The first extremophile microbe sequenced by China was T. tengcongensis, which is a thermophile bacteria isolated from Tengchong, Yunnan. The complete sequence was published by the Beijing Genomics Institute and its collaborators [70].

The world Health Organization officially announced that a variant coronavirus is the pathogen responsible for the severe acute respiratory syndrome (SARS) which broke out in China in spring this year. Five isolates from SARS patients identified in Guangdong and Beijing were sequenced and deposited into GenBank by Chinese scientists [71].

Rice and other important organisms in China

With the financial support from MOST the Shanghai Biochemistry Institute, CAS, established a National Sequencing Center headed by Dr. Guofan Hong in the 1990’s. The complete sequence map of chromosome 4 of Oryza sativa ssp. japonica was finished in that center in 2002 under the supervision of Dr. Bing Han, and was one of the two rice chromosomes to be completely sequenced [72]. The finished sequence spans 34.6 Mb and represents 97.3% of the chromosome. In addition, it has the longest known sequence for a plant centromere, a completely sequenced contig of 1.16 Mb corresponding to the centromeric region of chromosome 4. A total of 4,658 genes predicted from these sequences match the available unique rice ESTs.
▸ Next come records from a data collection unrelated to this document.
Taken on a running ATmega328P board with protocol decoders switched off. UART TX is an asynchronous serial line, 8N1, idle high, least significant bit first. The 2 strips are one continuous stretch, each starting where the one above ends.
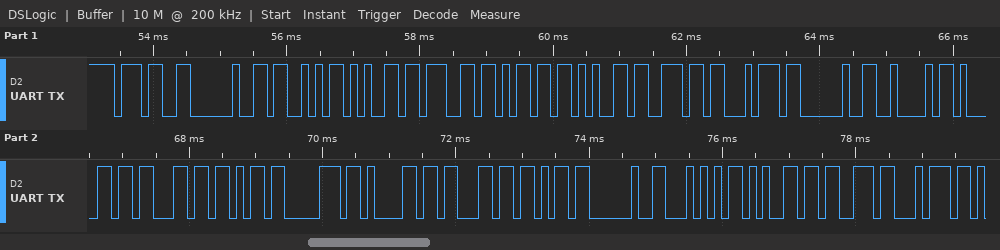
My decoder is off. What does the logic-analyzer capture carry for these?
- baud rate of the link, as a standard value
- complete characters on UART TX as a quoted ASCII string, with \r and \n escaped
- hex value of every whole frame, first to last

9600 baud
"7 Segment Backpack Test"
37 20 53 65 67 6D 65 6E 74 20 42 61 63 6B 70 61 63 6B 20 54 65 73 74

A draft sequence of the rice (Oryza sativa ssp. Indica) genome was published [73] by Beijing Genomics Institute and its sister center in Hangzhou (Hangzhou Genomics Institute) with their large scale sequencing facilities and technology established through participation in the HGP. The completion of the whole rice genome fine map was announced in October 2002. All the rice sequence data have been made freely available as a Chinese contribution to the world under the banner of “owned by all, done by all, and shared by all”.

The pig is an important domestic animal of both medical and economic significance. A pig genome survey has been accomplished by Beijing Genomics Institute in collaboration with Royal Agricultural and Veterinary University, National Institute of Agriculture, and Aarhus Univerisity, Denmark, with financial support from the Danish Pig Production Committee and CAS. cDNAs from approximately 100 different tissues or different developmental stages have also been sequenced. In addition, chicken, silkworm and other genomes are also in the process of being sequenced by Beijing Genomics Institute, and the South and North China National Human Genome Research Centers.

Summary

Over the past ten years, Chinese scientists have made substantial contributions to genome research, especially with the accomplishment of 1% of the effort for the Human Genome Project and in the identification of genes related to hereditary diseases. China is a country with rich resources in terms of population size and biodiversity, so the major challenge for us is how to utilize our unique genetic resources for identifying other genes of biological significance. We are hoping to make further contributions to functional genomic research in collaboration with scientists in other countries.

As one of the chief coordinators of the genome projects in China, I am proud to note that genome research has attracted so many young, and established, Chinese scientists who have been well trained either in the West or in China. They have proved themselves by their enthusiasm for science, and their experience in research and its management. They have been the major contributors to this field. They, following in the steps of their predecessors, have laid a solid foundation for further development and will build the future of life science and biotechnology in China.